**TASK INPUTS**
=====

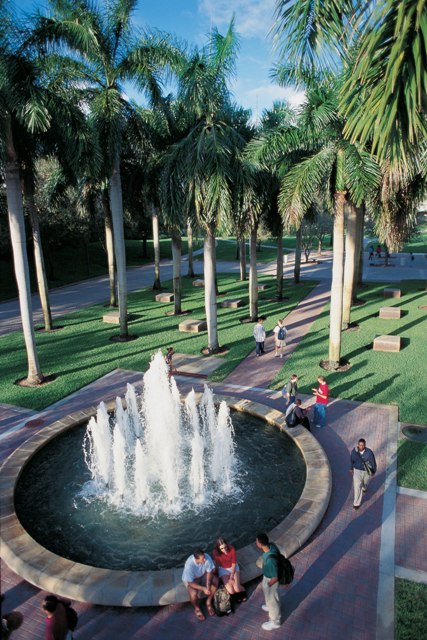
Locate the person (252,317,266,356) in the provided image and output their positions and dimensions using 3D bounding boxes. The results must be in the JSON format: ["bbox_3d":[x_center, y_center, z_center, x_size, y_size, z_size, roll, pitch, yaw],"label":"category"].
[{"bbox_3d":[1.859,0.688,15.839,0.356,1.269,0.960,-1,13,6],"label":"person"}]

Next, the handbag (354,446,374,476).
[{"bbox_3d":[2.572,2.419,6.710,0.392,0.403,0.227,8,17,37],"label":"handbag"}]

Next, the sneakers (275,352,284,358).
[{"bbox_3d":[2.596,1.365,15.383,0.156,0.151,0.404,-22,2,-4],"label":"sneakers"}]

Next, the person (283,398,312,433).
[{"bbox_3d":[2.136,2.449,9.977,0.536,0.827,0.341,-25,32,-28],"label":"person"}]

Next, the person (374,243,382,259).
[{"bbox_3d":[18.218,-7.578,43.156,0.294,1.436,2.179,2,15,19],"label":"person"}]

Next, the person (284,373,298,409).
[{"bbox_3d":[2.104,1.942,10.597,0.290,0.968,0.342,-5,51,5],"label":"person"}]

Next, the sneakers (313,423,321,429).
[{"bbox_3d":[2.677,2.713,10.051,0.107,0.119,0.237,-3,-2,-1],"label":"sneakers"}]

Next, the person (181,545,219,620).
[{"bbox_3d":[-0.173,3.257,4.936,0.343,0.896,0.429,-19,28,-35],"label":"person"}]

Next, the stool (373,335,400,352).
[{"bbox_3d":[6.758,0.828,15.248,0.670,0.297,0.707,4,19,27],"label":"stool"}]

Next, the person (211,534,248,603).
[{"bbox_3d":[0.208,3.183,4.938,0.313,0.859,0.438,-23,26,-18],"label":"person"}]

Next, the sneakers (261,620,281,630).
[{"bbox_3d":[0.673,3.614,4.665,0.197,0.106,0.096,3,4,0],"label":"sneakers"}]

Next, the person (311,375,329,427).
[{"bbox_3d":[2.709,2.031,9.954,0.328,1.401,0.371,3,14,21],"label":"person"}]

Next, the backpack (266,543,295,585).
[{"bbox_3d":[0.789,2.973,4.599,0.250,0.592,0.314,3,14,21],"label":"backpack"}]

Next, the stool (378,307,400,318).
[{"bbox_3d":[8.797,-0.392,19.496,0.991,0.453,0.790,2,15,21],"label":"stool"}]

=====

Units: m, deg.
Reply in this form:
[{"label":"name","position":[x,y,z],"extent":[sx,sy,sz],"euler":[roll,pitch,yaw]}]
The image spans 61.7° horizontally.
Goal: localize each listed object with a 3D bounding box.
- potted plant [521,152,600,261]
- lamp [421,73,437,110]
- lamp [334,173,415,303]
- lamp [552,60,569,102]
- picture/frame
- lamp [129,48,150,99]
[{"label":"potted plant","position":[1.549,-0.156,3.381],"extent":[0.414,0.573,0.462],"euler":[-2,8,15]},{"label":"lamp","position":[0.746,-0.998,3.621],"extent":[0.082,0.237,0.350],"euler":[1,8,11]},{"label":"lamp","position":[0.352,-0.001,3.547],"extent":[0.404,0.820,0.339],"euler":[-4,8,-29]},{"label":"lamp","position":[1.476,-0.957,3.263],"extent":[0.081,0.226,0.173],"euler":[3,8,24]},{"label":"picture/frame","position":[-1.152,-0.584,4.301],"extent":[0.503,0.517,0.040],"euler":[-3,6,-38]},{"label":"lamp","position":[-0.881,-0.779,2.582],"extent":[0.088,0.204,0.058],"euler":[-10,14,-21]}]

=====

**EXERCISE PROMPT**
Taking the material above, extract exactly and only the lines from the line with "- lamp [334,173,415,303]" to the line with "- picture/frame", inclusive of both.

**RESPONSE TO THE EXERCISE**
- lamp [334,173,415,303]
- lamp [552,60,569,102]
- picture/frame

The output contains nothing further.